ROMA Latte certo. Ma anche formaggio, prosciutto, carne, pesce, ortaggi, vino. Si trovano più o meno tutte le eccellenze dell’alimentare italiano scorrendo le ragioni sociali delle circa 10 mila partecipate degli enti locali. Regioni, Comuni e Province non si occupano solo di fornire servizi pubblici ai propri cittadini, ma spaziano in un spettro di attività amplissimo, invadendo settori che sembrerebbero avere una vocazione più spiccatamente commerciale. Negli ultimi anni il numero delle società (e di riflesso delle poltrone) è cresciuto senza freni, tanto che gli organismi a cui tocca vigilare, come la Corte dei Conti, fanno fatica a stare al passo: con criteri più restrittivi ne hanno censite 7.500, anche statali. Il compito di disboscare è ora affidato al commissario alla revisione della spesa Carlo Cottarelli che entro fine mese deve fare una proposta al governo.
Il core business dovrebbe essere rappresentato dai cinque servizi pubblici di base: acqua, elettricità, gas, trasporto pubblico locale, rifiuti. In realtà le partecipate che si occupano di queste attività sono solo il 20 per cento, anche se valgono circa la metà del fabbisogno complessivo. Poi ci sono farmacie comunali, terme, case di riposo, enti di promozione turistica, società sportive, di gestione del patrimonio immobiliare, agenzie di viaggio. Circa 320, secondo alcune stime recenti, sono le società il cui obiettivo è produrre beni o servizi la cui natura è senza ombra di dubbio commerciale. Insomma qualcosa che lo Stato, nelle sue propaggini territoriali, farebbe probabilmente bene a lasciare ai privati.
NON È UN AFFARE
Di sicuro c’è che il capitalismo locale non è un affare, soprattutto per il contribuente che prima poi è chiamato in una forma o nell’altra a ripianare le perdite: risulta in perdita circa un terzo delle società. A volte in modo clamoroso o incomprensibile. Non ci sono solo le ex municipalizzate delle grandi città: a Oderzo, in provincia di Treviso, la Fondazione Oderzo Cultura evidenziava nel 2012 un valore della produzione di 76.286 euro e un risultato negativo di 413.000. A Busseto in provincia di Parma, terra di Giuseppe Verdi, la Busseto Servizi metteva insieme appena 598 euro di valore della produzione riuscendo per ad arrivare a 10.000 di perdita. A l’Aquila il centro turistico del Gran Sasso era in rosso di oltre un milione e mezzo su una produzione di circa 1.850.000.
Moltissime realtà appaiono più che altro inutili: anche se le verifiche sono complesse e non univoche in un settore così magmatico, si stima che circa un migliaio siano quelle in cui il numero degli amministratori supera quello dei dipendenti. Insomma, salvo forse casi particolarissimi, veri e propri poltronifici. D’altra parte è noto come a partire dall’inizio del decennio scorso la giungla delle spa (o srl) pubbliche, comprese quelle locali, si sia allargata in tutte le direzioni soprattutto per due esigenze. La prima era aggirare le varie norme sul blocco delle assunzioni scaricando i costi del personale su entità esterne al perimetro della pubblica amministrazione. La seconda, ancora meno nobile, era trovare un posto a politici non più rieletti o ad altri personaggi contigui alla sfera partitica.
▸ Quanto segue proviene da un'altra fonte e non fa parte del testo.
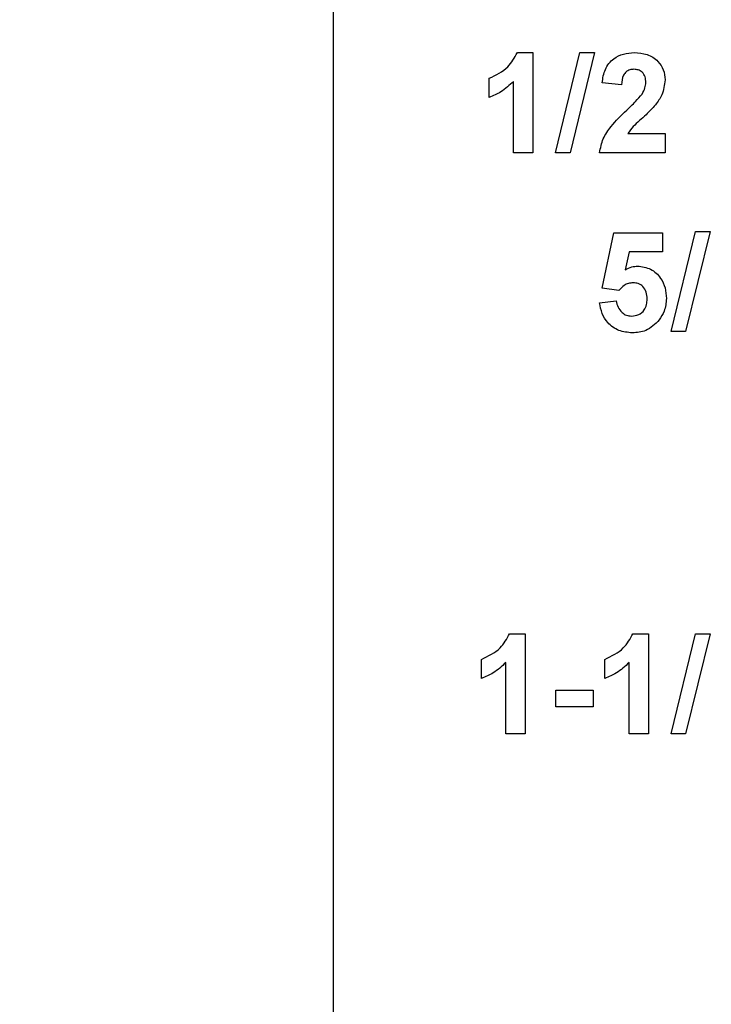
# Model space of a CAD drawing. Header units: inches. Extents: x 0.3 to 33.8, y 0.2 to 21.7.
# Tile 139 of 209: x 25.495 to 25.688, y 9.393 to 9.669. Entities that reach past the tile are written whole.
import ezdxf

# ---------------------------------------------------------------- set-up
doc = ezdxf.new("R2010")
doc.units = ezdxf.units.IN
doc.header["$MEASUREMENT"] = 0
doc.layers.add('BORDERS', color=7, linetype='Continuous')
doc.styles.add('SLDTEXTSTYLE0', font='TXT', dxfattribs={"width": 0.75})
doc.dimstyles.new('SLDDIMSTYLE0', dxfattribs={"dimtxt": 0.1377952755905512, "dimasz": 0.14, "dimexe": 0, "dimexo": 0.0625, "dimgap": 0.0344488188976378, "dimtad": 1, "dimdec": 3, "dimlfac": 5, "dimrnd": 1e-09, "dimzin": 12, "dimdsep": 46, "dimtxsty": 'SLDTEXTSTYLE0', "dimblk1": 'CLOSED', "dimblk2": 'CLOSED', "dimsah": 1, "dimcen": 0.09, "dimadec": 0, "dimazin": 3, "dimtfac": 1, "dimtdec": 3, "dimtofl": 0, "dimtmove": 0, "dimatfit": 3, "dimldrblk": 'CLOSED', "dimfxl": 0, "dimfrac": 2, "dimtolj": 1, "dimtzin": 12, "dimarcsym": 0})
doc.dimstyles.new('SLDDIMSTYLE1', dxfattribs={"dimtxt": 0.1377952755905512, "dimasz": 0.14, "dimexe": 0, "dimexo": 0.0625, "dimgap": 0.0344488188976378, "dimtad": 1, "dimdec": 3, "dimlfac": 5, "dimrnd": 1e-09, "dimzin": 4, "dimdsep": 46, "dimtxsty": 'SLDTEXTSTYLE0', "dimblk1": 'CLOSED', "dimblk2": 'CLOSED', "dimsah": 1, "dimcen": 0.09, "dimadec": 0, "dimazin": 1, "dimtfac": 1, "dimtdec": 3, "dimtofl": 0, "dimtmove": 0, "dimatfit": 3, "dimldrblk": 'CLOSED', "dimfxl": 0, "dimfrac": 2, "dimtolj": 1, "dimtzin": 12, "dimarcsym": 0})

# ---------------------------------------------------------------- blocks, each defined once
blk = doc.blocks.new('_Closed')
at = {"color": 0, "linetype": 'ByBlock', "lineweight": -2}
for p, q in [((-1, 0.166667), (0, 0)), ((-1, 0.166667), (-1, -0.166667)), ((0, 0), (-1, -0.166667)), ((0, 0), (-1, 0))]:
    blk.add_line(p, q, dxfattribs=at)
blk = doc.blocks.new('_D_13')
at = {"layer": 'BORDERS'}
for p, q in [((24.19504280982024, 11.58145386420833), (24.15305831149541, 11.58145386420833)), ((24.15305831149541, 11.58145386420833), (24.15305831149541, 11.36270386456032)), ((24.50048900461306, 11.58145386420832), (24.54247350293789, 11.58145386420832)), ((24.54247350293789, 11.58145386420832), (24.54247350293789, 11.36270386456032)), ((24.15305831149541, 11.36270386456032), (24.19504280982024, 11.36270386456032)), ((24.54247350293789, 11.36270386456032), (24.50048900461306, 11.36270386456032)), ((22.72102664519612, 9.426472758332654), (22.72102664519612, 11.19590733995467)), ((26.24497681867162, 9.157334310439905), (26.24497681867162, 11.19590733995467)), ((26.24497681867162, 11.15653726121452), (22.72102664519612, 11.15653726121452))]:
    blk.add_line(p, q, dxfattribs=at)
at = {"layer": 'BORDERS', "xscale": 0.14, "yscale": 0.14, "rotation": 180.0000000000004}
blk.add_blockref('_Closed', (22.72102664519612, 11.15653726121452, -0.1545014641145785), dxfattribs=at)
at = {"layer": 'BORDERS', "xscale": 0.14, "yscale": 0.14}
blk.add_blockref('_Closed', (26.24497681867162, 11.15653726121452, -0.1545014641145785), dxfattribs=at)
at = {"layer": 'BORDERS', "char_height": 0.1377952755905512, "attachment_point": 1, "style": 'SLDTEXTSTYLE0'}
for s, insert in [('448', (24.19504280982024, 11.54033130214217)), ('17.620', (24.06777354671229, 11.33416470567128))]:
    blk.add_mtext(s, dxfattribs=dict(at, insert=insert))
blk = doc.blocks.new('_D_14')
at = {"layer": 'BORDERS'}
for p, q in [((24.14413510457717, 12.30187955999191), (24.10215060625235, 12.30187955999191)), ((24.10215060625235, 12.30187955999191), (24.10215060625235, 12.08312956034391)), ((24.55139670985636, 12.30187955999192), (24.59338120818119, 12.30187955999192)), ((24.59338120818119, 12.30187955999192), (24.59338120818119, 12.08312956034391)), ((24.10215060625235, 12.08312956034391), (24.14413510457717, 12.08312956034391)), ((24.59338120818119, 12.08312956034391), (24.55139670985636, 12.08312956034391)), ((18.4635266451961, 9.641505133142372), (18.46352664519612, 11.9163330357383)), ((27.31497681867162, 9.557586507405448), (27.31497681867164, 11.91633303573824)), ((18.46352664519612, 11.87696295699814), (27.31497681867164, 11.87696295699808))]:
    blk.add_line(p, q, dxfattribs=at)
at = {"layer": 'BORDERS', "xscale": 0.14, "yscale": 0.14}
for p, rotation in [((18.46352664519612, 11.87696295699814, -0.1545014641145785), 180), ((27.31497681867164, 11.87696295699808, -0.1545014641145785), 360)]:
    blk.add_blockref('_Closed', p, dxfattribs=dict(at, rotation=rotation))
at = {"layer": 'BORDERS', "char_height": 0.1377952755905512, "attachment_point": 1, "style": 'SLDTEXTSTYLE0'}
for s, insert in [('1124', (24.14413510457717, 12.26075699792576)), ('44.257', (24.06777354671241, 12.05459040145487))]:
    blk.add_mtext(s, dxfattribs=dict(at, insert=insert))

msp = doc.modelspace()

# ---------------------------------------------------------------- linework, layer by layer
at = {"color": 7, "linetype": 'Continuous', "lineweight": 25}
for p, q in [((25.58247681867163, 9.758964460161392), (25.58247681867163, 9.308964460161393)), ((25.63395790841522, 9.659464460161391), (25.63827681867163, 9.659464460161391)), ((25.63827681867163, 9.659464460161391), (25.63827681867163, 9.631464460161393)), ((25.64462617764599, 9.631464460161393), (25.65145229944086, 9.659464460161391)), ((25.6555075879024, 9.659464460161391), (25.64868707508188, 9.631464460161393)), ((25.65145229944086, 9.659464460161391), (25.6555075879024, 9.659464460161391)), ((25.6260716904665, 9.64690035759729), (25.6260716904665, 9.652284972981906)), ((25.63289220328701, 9.631464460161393), (25.63289220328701, 9.651398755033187)), ((25.66304604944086, 9.650490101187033), (25.65766143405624, 9.651017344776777)), ((25.66484653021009, 9.636849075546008), (25.67525117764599, 9.636849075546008)), ((25.67525117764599, 9.636849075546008), (25.67525117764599, 9.631464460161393)), ((25.63827681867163, 9.631464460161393), (25.63289220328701, 9.631464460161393)), ((25.64868707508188, 9.631464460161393), (25.64462617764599, 9.631464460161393)), ((25.67525117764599, 9.631464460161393), (25.6569434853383, 9.631464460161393)), ((25.65766143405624, 9.593613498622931), (25.66089220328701, 9.609105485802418)), ((25.66089220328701, 9.609105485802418), (25.67453322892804, 9.609105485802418)), ((25.67453322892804, 9.609105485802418), (25.67453322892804, 9.603720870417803)), ((25.67693386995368, 9.581464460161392), (25.68375999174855, 9.609464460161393)), ((25.68781528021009, 9.609464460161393), (25.68099476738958, 9.581464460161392)), ((25.68375999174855, 9.609464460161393), (25.68781528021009, 9.609464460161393)), ((25.66520550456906, 9.603720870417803), (25.6641061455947, 9.598723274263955)), ((25.67453322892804, 9.603720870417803), (25.66520550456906, 9.603720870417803)), ((25.6623561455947, 9.592951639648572), (25.65766143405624, 9.593613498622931)), ((25.6569434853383, 9.589474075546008), (25.66161015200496, 9.590079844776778)), ((25.68099476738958, 9.581464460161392), (25.67693386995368, 9.581464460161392)), ((25.63180406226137, 9.496964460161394), (25.63612297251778, 9.496964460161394)), ((25.63612297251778, 9.496964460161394), (25.63612297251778, 9.468964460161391)), ((25.66626560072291, 9.496964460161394), (25.67058451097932, 9.496964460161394)), ((25.67058451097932, 9.496964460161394), (25.67058451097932, 9.468964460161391)), ((25.67693386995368, 9.468964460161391), (25.68375999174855, 9.496964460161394)), ((25.68781528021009, 9.496964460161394), (25.68099476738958, 9.468964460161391)), ((25.68375999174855, 9.496964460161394), (25.68781528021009, 9.496964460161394)), ((25.62391784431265, 9.48440035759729), (25.62391784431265, 9.489784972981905)), ((25.63073835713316, 9.468964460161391), (25.63073835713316, 9.488898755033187)), ((25.65837938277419, 9.48440035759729), (25.65837938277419, 9.489784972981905)), ((25.6651998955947, 9.468964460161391), (25.6651998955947, 9.488898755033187)), ((25.64473835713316, 9.481169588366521), (25.65514861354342, 9.481169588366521)), ((25.64473835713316, 9.476502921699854), (25.64473835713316, 9.481169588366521)), ((25.65514861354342, 9.481169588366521), (25.65514861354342, 9.476502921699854)), ((25.65514861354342, 9.476502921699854), (25.64473835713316, 9.476502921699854)), ((25.63612297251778, 9.468964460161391), (25.63073835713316, 9.468964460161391)), ((25.67058451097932, 9.468964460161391), (25.6651998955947, 9.468964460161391)), ((25.68099476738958, 9.468964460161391), (25.67693386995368, 9.468964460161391))]:
    msp.add_line(p, q, dxfattribs=at)
for points, knots in [([(25.6260716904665, 9.652284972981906), (25.62797047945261, 9.653185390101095), (25.63135517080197, 9.654790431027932), (25.63316387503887, 9.658038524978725), (25.63395790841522, 9.659464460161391)], [0, 0, 0, 0, 0.5609932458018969, 1, 1, 1, 1]), ([(25.65766143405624, 9.651017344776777), (25.65785369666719, 9.652303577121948), (25.65823648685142, 9.654864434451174), (25.66054832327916, 9.65783332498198), (25.66361709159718, 9.659263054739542), (25.66564387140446, 9.65939728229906), (25.66665822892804, 9.659464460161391)], [0, 0, 0, 0, 0.2807518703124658, 0.5589701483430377, 0.7792745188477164, 0.9999999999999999, 0.9999999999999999, 0.9999999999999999, 0.9999999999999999]), ([(25.66665822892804, 9.659464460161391), (25.66787121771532, 9.659385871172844), (25.67029103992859, 9.65922909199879), (25.67321207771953, 9.657340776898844), (25.67498845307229, 9.654699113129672), (25.67516357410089, 9.652798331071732), (25.67525117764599, 9.651847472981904)], [0, 0, 0, 0, 0.2805720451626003, 0.5597203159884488, 0.7797519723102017, 0.9999999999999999, 0.9999999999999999, 0.9999999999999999, 0.9999999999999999]), ([(25.66654604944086, 9.654797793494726), (25.66615460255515, 9.654771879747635), (25.66537252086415, 9.654720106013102), (25.66431931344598, 9.654131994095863), (25.66327057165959, 9.652750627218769), (25.66313864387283, 9.651422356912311), (25.66304604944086, 9.650490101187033)], [0, 0, 0, 0, 0.1872361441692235, 0.3740838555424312, 0.5606964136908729, 1, 1, 1, 1]), ([(25.66986656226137, 9.651123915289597), (25.6698379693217, 9.651651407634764), (25.66978096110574, 9.652703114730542), (25.66898617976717, 9.654006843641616), (25.66778857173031, 9.654717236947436), (25.66696068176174, 9.654770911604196), (25.66654604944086, 9.654797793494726)], [0, 0, 0, 0, 0.2806195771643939, 0.559495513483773, 0.7793820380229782, 1, 1, 1, 1]), ([(25.63289220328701, 9.651398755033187), (25.63175565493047, 9.650346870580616), (25.62972518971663, 9.648467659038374), (25.62718848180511, 9.647379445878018), (25.6260716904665, 9.64690035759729)], [0, 0, 0, 0, 0.5597477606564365, 1, 1, 1, 1]), ([(25.67525117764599, 9.651847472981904), (25.67506843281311, 9.650407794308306), (25.67474123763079, 9.64783012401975), (25.67321169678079, 9.645745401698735), (25.67253643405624, 9.64482503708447)], [0, 0, 0, 0, 0.5585193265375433, 1, 1, 1, 1]), ([(25.66880085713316, 9.64788753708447), (25.66913121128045, 9.64845106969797), (25.66972106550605, 9.64945726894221), (25.66982210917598, 9.650614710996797), (25.66986656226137, 9.651123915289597)], [0, 0, 0, 0, 0.5600606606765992, 1, 1, 1, 1]), ([(25.66451560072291, 9.643366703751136), (25.66536268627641, 9.644166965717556), (25.66687470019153, 9.645595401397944), (25.66821252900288, 9.647187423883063), (25.66880085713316, 9.64788753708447)], [0, 0, 0, 0, 0.5602366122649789, 1, 1, 1, 1]), ([(25.6569434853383, 9.631464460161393), (25.65720486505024, 9.63279584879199), (25.65772779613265, 9.63545950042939), (25.66051997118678, 9.639485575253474), (25.66299915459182, 9.641893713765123), (25.66451560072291, 9.643366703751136)], [0, 0, 0, 0, 0.2795770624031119, 0.5593377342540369, 0.9999999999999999, 0.9999999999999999, 0.9999999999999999, 0.9999999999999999]), ([(25.67253643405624, 9.64482503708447), (25.67168115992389, 9.64390063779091), (25.67027194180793, 9.642377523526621), (25.66812028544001, 9.640454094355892), (25.66627210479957, 9.638839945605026), (25.66532131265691, 9.637512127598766), (25.66484653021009, 9.636849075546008)], [0, 0, 0, 0, 0.3399892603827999, 0.5601935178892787, 0.7803806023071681, 0.9999999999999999, 0.9999999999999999, 0.9999999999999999, 0.9999999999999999]), ([(25.6641061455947, 9.598723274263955), (25.66471321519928, 9.599051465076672), (25.66579748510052, 9.599637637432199), (25.66702224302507, 9.599731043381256), (25.66756127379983, 9.599772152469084)], [0, 0, 0, 0, 0.5598879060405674, 1, 1, 1, 1]), ([(25.66756127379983, 9.599772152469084), (25.66883084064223, 9.599598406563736), (25.67137286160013, 9.59925051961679), (25.6740219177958, 9.596666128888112), (25.67542764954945, 9.593689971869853), (25.67554927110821, 9.591695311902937), (25.67561015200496, 9.590696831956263)], [0, 0, 0, 0, 0.2790082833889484, 0.5586510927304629, 0.7790710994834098, 0.9999999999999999, 0.9999999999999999, 0.9999999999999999, 0.9999999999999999]), ([(25.66628242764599, 9.595105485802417), (25.6658497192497, 9.595066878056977), (25.6649841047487, 9.594989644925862), (25.66357472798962, 9.59427499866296), (25.66281829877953, 9.593453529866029), (25.6623561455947, 9.592951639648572)], [0, 0, 0, 0, 0.2799826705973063, 0.5600932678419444, 1, 1, 1, 1]), ([(25.67022553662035, 9.590579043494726), (25.67019406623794, 9.591217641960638), (25.67013138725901, 9.592489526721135), (25.66921258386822, 9.594086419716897), (25.66778676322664, 9.594990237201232), (25.66678424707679, 9.595067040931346), (25.66628242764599, 9.595105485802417)], [0, 0, 0, 0, 0.2808798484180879, 0.5594232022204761, 0.7794649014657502, 1, 1, 1, 1]), ([(25.67561015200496, 9.590696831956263), (25.6755083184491, 9.589484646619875), (25.67532630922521, 9.587318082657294), (25.67414496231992, 9.585505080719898), (25.67362457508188, 9.58470644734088)], [0, 0, 0, 0, 0.5594966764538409, 1, 1, 1, 1]), ([(25.66610854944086, 9.581105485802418), (25.66481889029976, 9.5812148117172), (25.66224363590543, 9.581433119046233), (25.65924781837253, 9.583644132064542), (25.65750042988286, 9.58649321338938), (25.65712923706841, 9.588479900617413), (25.6569434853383, 9.589474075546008)], [0, 0, 0, 0, 0.2799488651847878, 0.5590155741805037, 0.7793232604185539, 1, 1, 1, 1]), ([(25.66161015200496, 9.590079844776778), (25.66172992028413, 9.589465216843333), (25.66196915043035, 9.588237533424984), (25.66304926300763, 9.586825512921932), (25.66441505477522, 9.585925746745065), (25.66539455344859, 9.585823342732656), (25.6658841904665, 9.585772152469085)], [0, 0, 0, 0, 0.2803328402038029, 0.5599484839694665, 0.7800247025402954, 1, 1, 1, 1]), ([(25.6658841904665, 9.585772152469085), (25.66656917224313, 9.585850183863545), (25.66793790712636, 9.58600610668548), (25.66946824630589, 9.587313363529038), (25.6701464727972, 9.588967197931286), (25.67019914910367, 9.590041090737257), (25.67022553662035, 9.590579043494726)], [0, 0, 0, 0, 0.2795791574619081, 0.5586568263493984, 0.7789148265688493, 1, 1, 1, 1]), ([(25.67362457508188, 9.58470644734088), (25.67245048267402, 9.58353017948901), (25.67034763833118, 9.581423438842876), (25.66740722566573, 9.58120289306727), (25.66610854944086, 9.581105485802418)], [0, 0, 0, 0, 0.558335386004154, 1, 1, 1, 1]), ([(25.62391784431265, 9.489784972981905), (25.62581663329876, 9.490685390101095), (25.62920132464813, 9.492290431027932), (25.63101002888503, 9.495538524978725), (25.63180406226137, 9.496964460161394)], [0, 0, 0, 0, 0.5609932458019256, 0.9999999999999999, 0.9999999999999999, 0.9999999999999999, 0.9999999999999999]), ([(25.65837938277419, 9.489784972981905), (25.66027817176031, 9.490685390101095), (25.66366286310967, 9.492290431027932), (25.66547156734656, 9.495538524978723), (25.66626560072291, 9.496964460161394)], [0, 0, 0, 0, 0.560993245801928, 0.9999999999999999, 0.9999999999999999, 0.9999999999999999, 0.9999999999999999]), ([(25.63073835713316, 9.488898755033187), (25.62960180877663, 9.487846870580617), (25.62757134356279, 9.485967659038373), (25.62503463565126, 9.48487944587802), (25.62391784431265, 9.48440035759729)], [0, 0, 0, 0, 0.5597477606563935, 1, 1, 1, 1]), ([(25.6651998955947, 9.488898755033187), (25.66406334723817, 9.487846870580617), (25.66203288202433, 9.485967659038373), (25.6594961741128, 9.48487944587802), (25.65837938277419, 9.48440035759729)], [0, 0, 0, 0, 0.5597477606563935, 1, 1, 1, 1])]:
    msp.add_open_spline(points, degree=3, knots=knots, dxfattribs=at)

# ---------------------------------------------------------------- dimensions: what is measured, and where the dimension line sits
at = {"layer": 'BORDERS'}
for base, p1, p2, dimstyle, picture, middle in [((27.31497681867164, 11.87696295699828), (18.4635266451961, 9.602135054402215), (27.31497681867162, 9.51821642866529), 'SLDDIMSTYLE0', '_D_14', (24.3477658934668, 11.8769629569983)), ((22.72102664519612, 11.15653726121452), (26.24497681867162, 9.117964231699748), (22.72102664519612, 9.387102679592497), 'SLDDIMSTYLE1', '_D_13', (24.34776589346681, 11.15653726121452))]:
    dim = msp.add_linear_dim(base=base, p1=p1, p2=p2, dimstyle=dimstyle, dxfattribs=at)
    dim.commit()
    dim.dimension.update_dxf_attribs({"geometry": picture, "text_midpoint": middle, "dimtype": 160})

doc.saveas('drawing.dxf')

Accanto alla semplice esternalizzazione di attività, non sono mancati gli sforzi di fantasia. Nella Provincia di Salerno opera una Fondazione salernitani nel mondo, mentre a Oristano è stato creato dal Comune un istituto storico arborense che si occupa di ricerche sul Giudicato d’Arborea e il Marchesato di Oristano. Le ragioni del gusto sono ben rappresentate. A Roma c’è un’enoteca regionale, a Parma un’azienda agraria sperimentale che cura anche la vendita diretta dei prodotti biologici. Accanto ai caseifici non mancano le aziende che si occupano di carne: a Fabriano ad esempio la Agricom alleva bestiame bovino ed ovino precisando che si tratta di servizio di pubblica utilità perché bistecche e costolette vanno a rifornire le mense delle scuole comunali.